### Problem to solve
An exact transcription of all the entries below is required.

[[ Records for the task open ]]

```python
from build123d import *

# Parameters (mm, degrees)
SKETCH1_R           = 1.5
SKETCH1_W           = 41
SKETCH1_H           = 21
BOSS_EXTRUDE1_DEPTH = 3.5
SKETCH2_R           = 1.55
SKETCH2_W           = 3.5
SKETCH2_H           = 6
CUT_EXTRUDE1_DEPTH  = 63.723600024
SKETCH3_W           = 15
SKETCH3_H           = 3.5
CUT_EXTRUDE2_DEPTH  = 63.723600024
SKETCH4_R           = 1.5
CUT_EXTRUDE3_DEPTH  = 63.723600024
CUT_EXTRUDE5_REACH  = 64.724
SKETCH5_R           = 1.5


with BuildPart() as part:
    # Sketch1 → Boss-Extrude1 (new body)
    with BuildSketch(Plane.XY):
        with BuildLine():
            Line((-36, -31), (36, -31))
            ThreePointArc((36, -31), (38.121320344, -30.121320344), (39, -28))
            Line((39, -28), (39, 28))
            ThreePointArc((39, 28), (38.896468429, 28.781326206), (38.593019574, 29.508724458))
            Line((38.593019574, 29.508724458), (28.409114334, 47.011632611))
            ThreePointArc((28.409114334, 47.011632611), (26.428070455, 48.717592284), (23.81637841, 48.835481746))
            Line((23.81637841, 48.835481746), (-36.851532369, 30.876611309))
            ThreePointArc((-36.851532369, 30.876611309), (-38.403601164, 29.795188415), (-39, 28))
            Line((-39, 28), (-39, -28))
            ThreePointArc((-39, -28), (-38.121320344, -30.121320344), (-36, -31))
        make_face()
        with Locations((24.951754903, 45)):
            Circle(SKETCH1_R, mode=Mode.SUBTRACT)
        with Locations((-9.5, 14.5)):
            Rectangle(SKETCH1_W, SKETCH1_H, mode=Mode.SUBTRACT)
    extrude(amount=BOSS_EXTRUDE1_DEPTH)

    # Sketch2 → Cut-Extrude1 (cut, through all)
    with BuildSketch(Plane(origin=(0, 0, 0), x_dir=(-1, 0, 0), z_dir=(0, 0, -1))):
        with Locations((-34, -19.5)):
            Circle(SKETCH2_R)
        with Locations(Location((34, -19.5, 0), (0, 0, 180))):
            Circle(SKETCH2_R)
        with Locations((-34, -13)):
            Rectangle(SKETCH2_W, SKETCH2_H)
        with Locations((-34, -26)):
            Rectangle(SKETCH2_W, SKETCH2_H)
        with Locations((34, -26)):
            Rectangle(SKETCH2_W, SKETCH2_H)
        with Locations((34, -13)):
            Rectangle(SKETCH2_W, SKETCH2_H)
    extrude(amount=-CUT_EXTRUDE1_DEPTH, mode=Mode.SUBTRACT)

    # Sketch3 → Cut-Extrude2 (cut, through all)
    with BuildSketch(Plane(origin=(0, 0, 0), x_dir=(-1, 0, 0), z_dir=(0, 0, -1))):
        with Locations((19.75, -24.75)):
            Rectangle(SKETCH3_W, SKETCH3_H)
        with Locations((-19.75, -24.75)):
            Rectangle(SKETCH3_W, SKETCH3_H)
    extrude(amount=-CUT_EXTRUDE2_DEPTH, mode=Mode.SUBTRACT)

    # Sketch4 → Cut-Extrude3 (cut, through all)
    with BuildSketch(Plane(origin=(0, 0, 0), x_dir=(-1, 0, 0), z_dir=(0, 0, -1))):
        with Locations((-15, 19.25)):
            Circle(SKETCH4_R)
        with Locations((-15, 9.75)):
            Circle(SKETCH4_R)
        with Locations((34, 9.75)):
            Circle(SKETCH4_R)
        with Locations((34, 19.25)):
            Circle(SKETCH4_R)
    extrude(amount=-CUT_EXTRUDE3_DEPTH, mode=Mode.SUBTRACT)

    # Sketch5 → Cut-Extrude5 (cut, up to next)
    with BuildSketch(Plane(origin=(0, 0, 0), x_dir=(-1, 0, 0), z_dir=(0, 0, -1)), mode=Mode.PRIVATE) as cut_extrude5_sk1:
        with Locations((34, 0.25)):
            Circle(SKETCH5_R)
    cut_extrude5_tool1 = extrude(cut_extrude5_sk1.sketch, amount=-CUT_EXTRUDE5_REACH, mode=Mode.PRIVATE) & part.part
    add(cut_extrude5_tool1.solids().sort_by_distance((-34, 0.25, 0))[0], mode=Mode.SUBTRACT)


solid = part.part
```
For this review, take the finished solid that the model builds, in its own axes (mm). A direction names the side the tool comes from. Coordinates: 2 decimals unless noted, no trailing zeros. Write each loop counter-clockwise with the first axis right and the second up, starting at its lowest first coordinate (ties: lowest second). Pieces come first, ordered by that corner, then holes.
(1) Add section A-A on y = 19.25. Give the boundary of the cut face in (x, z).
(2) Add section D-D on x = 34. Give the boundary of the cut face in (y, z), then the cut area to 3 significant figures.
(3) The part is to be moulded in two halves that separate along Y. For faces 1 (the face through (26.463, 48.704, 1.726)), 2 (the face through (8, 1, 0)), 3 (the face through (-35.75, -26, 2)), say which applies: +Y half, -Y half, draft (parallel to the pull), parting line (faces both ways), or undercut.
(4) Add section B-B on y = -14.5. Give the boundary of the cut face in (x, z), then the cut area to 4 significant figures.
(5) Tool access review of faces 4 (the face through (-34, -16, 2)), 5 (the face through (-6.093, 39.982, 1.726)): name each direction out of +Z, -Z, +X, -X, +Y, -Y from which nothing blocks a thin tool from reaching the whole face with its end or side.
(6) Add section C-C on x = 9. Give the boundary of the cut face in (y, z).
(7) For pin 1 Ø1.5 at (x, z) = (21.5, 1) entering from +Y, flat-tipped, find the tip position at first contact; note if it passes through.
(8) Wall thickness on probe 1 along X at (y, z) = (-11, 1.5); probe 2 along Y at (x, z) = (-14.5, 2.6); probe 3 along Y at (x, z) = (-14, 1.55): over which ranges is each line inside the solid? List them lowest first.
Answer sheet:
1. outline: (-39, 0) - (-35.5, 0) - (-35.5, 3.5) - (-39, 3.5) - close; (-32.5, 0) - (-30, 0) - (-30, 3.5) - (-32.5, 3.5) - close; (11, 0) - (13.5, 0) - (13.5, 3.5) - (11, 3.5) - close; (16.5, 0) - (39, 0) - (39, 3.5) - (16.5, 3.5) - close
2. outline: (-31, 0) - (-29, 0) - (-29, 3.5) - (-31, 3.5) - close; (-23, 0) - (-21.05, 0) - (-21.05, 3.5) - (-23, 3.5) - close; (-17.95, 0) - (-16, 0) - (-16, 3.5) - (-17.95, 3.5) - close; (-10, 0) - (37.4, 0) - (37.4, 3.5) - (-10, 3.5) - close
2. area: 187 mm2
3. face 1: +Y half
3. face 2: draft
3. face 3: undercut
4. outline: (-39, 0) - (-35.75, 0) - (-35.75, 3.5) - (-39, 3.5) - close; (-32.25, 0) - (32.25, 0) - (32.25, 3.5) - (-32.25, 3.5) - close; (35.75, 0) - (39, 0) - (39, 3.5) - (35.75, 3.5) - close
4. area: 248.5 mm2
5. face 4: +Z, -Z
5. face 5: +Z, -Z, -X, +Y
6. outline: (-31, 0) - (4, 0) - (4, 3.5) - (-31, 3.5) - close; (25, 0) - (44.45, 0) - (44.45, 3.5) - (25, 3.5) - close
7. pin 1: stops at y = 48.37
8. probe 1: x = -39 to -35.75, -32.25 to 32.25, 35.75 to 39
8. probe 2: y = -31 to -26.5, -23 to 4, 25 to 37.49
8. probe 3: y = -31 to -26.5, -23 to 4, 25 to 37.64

[[ Records for the task closed ]]

### Written response
```python
from build123d import *

# Parameters (mm, degrees)
SKETCH1_R           = 1.5
SKETCH1_W           = 41
SKETCH1_H           = 21
BOSS_EXTRUDE1_DEPTH = 3.5
SKETCH2_R           = 1.55
SKETCH2_W           = 3.5
SKETCH2_H           = 6
CUT_EXTRUDE1_DEPTH  = 63.723600024
SKETCH3_W           = 15
SKETCH3_H           = 3.5
CUT_EXTRUDE2_DEPTH  = 63.723600024
SKETCH4_R           = 1.5
CUT_EXTRUDE3_DEPTH  = 63.723600024
CUT_EXTRUDE5_REACH  = 64.724
SKETCH5_R           = 1.5


with BuildPart() as part:
    # Sketch1 → Boss-Extrude1 (new body)
    with BuildSketch(Plane.XY):
        with BuildLine():
            Line((-36, -31), (36, -31))
            ThreePointArc((36, -31), (38.121320344, -30.121320344), (39, -28))
            Line((39, -28), (39, 28))
            ThreePointArc((39, 28), (38.896468429, 28.781326206), (38.593019574, 29.508724458))
            Line((38.593019574, 29.508724458), (28.409114334, 47.011632611))
            ThreePointArc((28.409114334, 47.011632611), (26.428070455, 48.717592284), (23.81637841, 48.835481746))
            Line((23.81637841, 48.835481746), (-36.851532369, 30.876611309))
            ThreePointArc((-36.851532369, 30.876611309), (-38.403601164, 29.795188415), (-39, 28))
            Line((-39, 28), (-39, -28))
            ThreePointArc((-39, -28), (-38.121320344, -30.121320344), (-36, -31))
        make_face()
        with Locations((24.951754903, 45)):
            Circle(SKETCH1_R, mode=Mode.SUBTRACT)
        with Locations((-9.5, 14.5)):
            Rectangle(SKETCH1_W, SKETCH1_H, mode=Mode.SUBTRACT)
    extrude(amount=BOSS_EXTRUDE1_DEPTH)

    # Sketch2 → Cut-Extrude1 (cut, through all)
    with BuildSketch(Plane(origin=(0, 0, 0), x_dir=(-1, 0, 0), z_dir=(0, 0, -1))):
        with Locations((-34, -19.5)):
            Circle(SKETCH2_R)
        with Locations(Location((34, -19.5, 0), (0, 0, 180))):
            Circle(SKETCH2_R)
        with Locations((-34, -13)):
            Rectangle(SKETCH2_W, SKETCH2_H)
        with Locations((-34, -26)):
            Rectangle(SKETCH2_W, SKETCH2_H)
        with Locations((34, -26)):
            Rectangle(SKETCH2_W, SKETCH2_H)
        with Locations((34, -13)):
            Rectangle(SKETCH2_W, SKETCH2_H)
    extrude(amount=-CUT_EXTRUDE1_DEPTH, mode=Mode.SUBTRACT)

    # Sketch3 → Cut-Extrude2 (cut, through all)
    with BuildSketch(Plane(origin=(0, 0, 0), x_dir=(-1, 0, 0), z_dir=(0, 0, -1))):
        with Locations((19.75, -24.75)):
            Rectangle(SKETCH3_W, SKETCH3_H)
        with Locations((-19.75, -24.75)):
            Rectangle(SKETCH3_W, SKETCH3_H)
    extrude(amount=-CUT_EXTRUDE2_DEPTH, mode=Mode.SUBTRACT)

    # Sketch4 → Cut-Extrude3 (cut, through all)
    with BuildSketch(Plane(origin=(0, 0, 0), x_dir=(-1, 0, 0), z_dir=(0, 0, -1))):
        with Locations((-15, 19.25)):
            Circle(SKETCH4_R)
        with Locations((-15, 9.75)):
            Circle(SKETCH4_R)
        with Locations((34, 9.75)):
            Circle(SKETCH4_R)
        with Locations((34, 19.25)):
            Circle(SKETCH4_R)
    extrude(amount=-CUT_EXTRUDE3_DEPTH, mode=Mode.SUBTRACT)

    # Sketch5 → Cut-Extrude5 (cut, up to next)
    with BuildSketch(Plane(origin=(0, 0, 0), x_dir=(-1, 0, 0), z_dir=(0, 0, -1)), mode=Mode.PRIVATE) as cut_extrude5_sk1:
        with Locations((34, 0.25)):
            Circle(SKETCH5_R)
    cut_extrude5_tool1 = extrude(cut_extrude5_sk1.sketch, amount=-CUT_EXTRUDE5_REACH, mode=Mode.PRIVATE) & part.part
    add(cut_extrude5_tool1.solids().sort_by_distance((-34, 0.25, 0))[0], mode=Mode.SUBTRACT)


solid = part.part
```
For this review, take the finished solid that the model builds, in its own axes (mm). A direction names the side the tool comes from. Coordinates: 2 decimals unless noted, no trailing zeros. Write each loop counter-clockwise with the first axis right and the second up, starting at its lowest first coordinate (ties: lowest second). Pieces come first, ordered by that corner, then holes.
(1) Add section A-A on y = 19.25. Give the boundary of the cut face in (x, z).
(2) Add section D-D on x = 34. Give the boundary of the cut face in (y, z), then the cut area to 3 significant figures.
(3) The part is to be moulded in two halves that separate along Y. For faces 1 (the face through (26.463, 48.704, 1.726)), 2 (the face through (8, 1, 0)), 3 (the face through (-35.75, -26, 2)), say which applies: +Y half, -Y half, draft (parallel to the pull), parting line (faces both ways), or undercut.
(4) Add section B-B on y = -14.5. Give the boundary of the cut face in (x, z), then the cut area to 4 significant figures.
(5) Tool access review of faces 4 (the face through (-34, -16, 2)), 5 (the face through (-6.093, 39.982, 1.726)): name each direction out of +Z, -Z, +X, -X, +Y, -Y from which nothing blocks a thin tool from reaching the whole face with its end or side.
(6) Add section C-C on x = 9. Give the boundary of the cut face in (y, z).
(7) For pin 1 Ø1.5 at (x, z) = (21.5, 1) entering from +Y, flat-tipped, find the tip position at first contact; note if it passes through.
(8) Wall thickness on probe 1 along X at (y, z) = (-11, 1.5); probe 2 along Y at (x, z) = (-14.5, 2.6); probe 3 along Y at (x, z) = (-14, 1.55): over which ranges is each line inside the solid? List them lowest first.
Answer sheet:
1. outline: (-39, 0) - (-35.5, 0) - (-35.5, 3.5) - (-39, 3.5) - close; (-32.5, 0) - (-30, 0) - (-30, 3.5) - (-32.5, 3.5) - close; (11, 0) - (13.5, 0) - (13.5, 3.5) - (11, 3.5) - close; (16.5, 0) - (39, 0) - (39, 3.5) - (16.5, 3.5) - close
2. outline: (-31, 0) - (-29, 0) - (-29, 3.5) - (-31, 3.5) - close; (-23, 0) - (-21.05, 0) - (-21.05, 3.5) - (-23, 3.5) - close; (-17.95, 0) - (-16, 0) - (-16, 3.5) - (-17.95, 3.5) - close; (-10, 0) - (37.4, 0) - (37.4, 3.5) - (-10, 3.5) - close
2. area: 187 mm2
3. face 1: +Y half
3. face 2: draft
3. face 3: undercut
4. outline: (-39, 0) - (-35.75, 0) - (-35.75, 3.5) - (-39, 3.5) - close; (-32.25, 0) - (32.25, 0) - (32.25, 3.5) - (-32.25, 3.5) - close; (35.75, 0) - (39, 0) - (39, 3.5) - (35.75, 3.5) - close
4. area: 248.5 mm2
5. face 4: +Z, -Z
5. face 5: +Z, -Z, -X, +Y
6. outline: (-31, 0) - (4, 0) - (4, 3.5) - (-31, 3.5) - close; (25, 0) - (44.45, 0) - (44.45, 3.5) - (25, 3.5) - close
7. pin 1: stops at y = 48.37
8. probe 1: x = -39 to -35.75, -32.25 to 32.25, 35.75 to 39
8. probe 2: y = -31 to -26.5, -23 to 4, 25 to 37.49
8. probe 3: y = -31 to -26.5, -23 to 4, 25 to 37.64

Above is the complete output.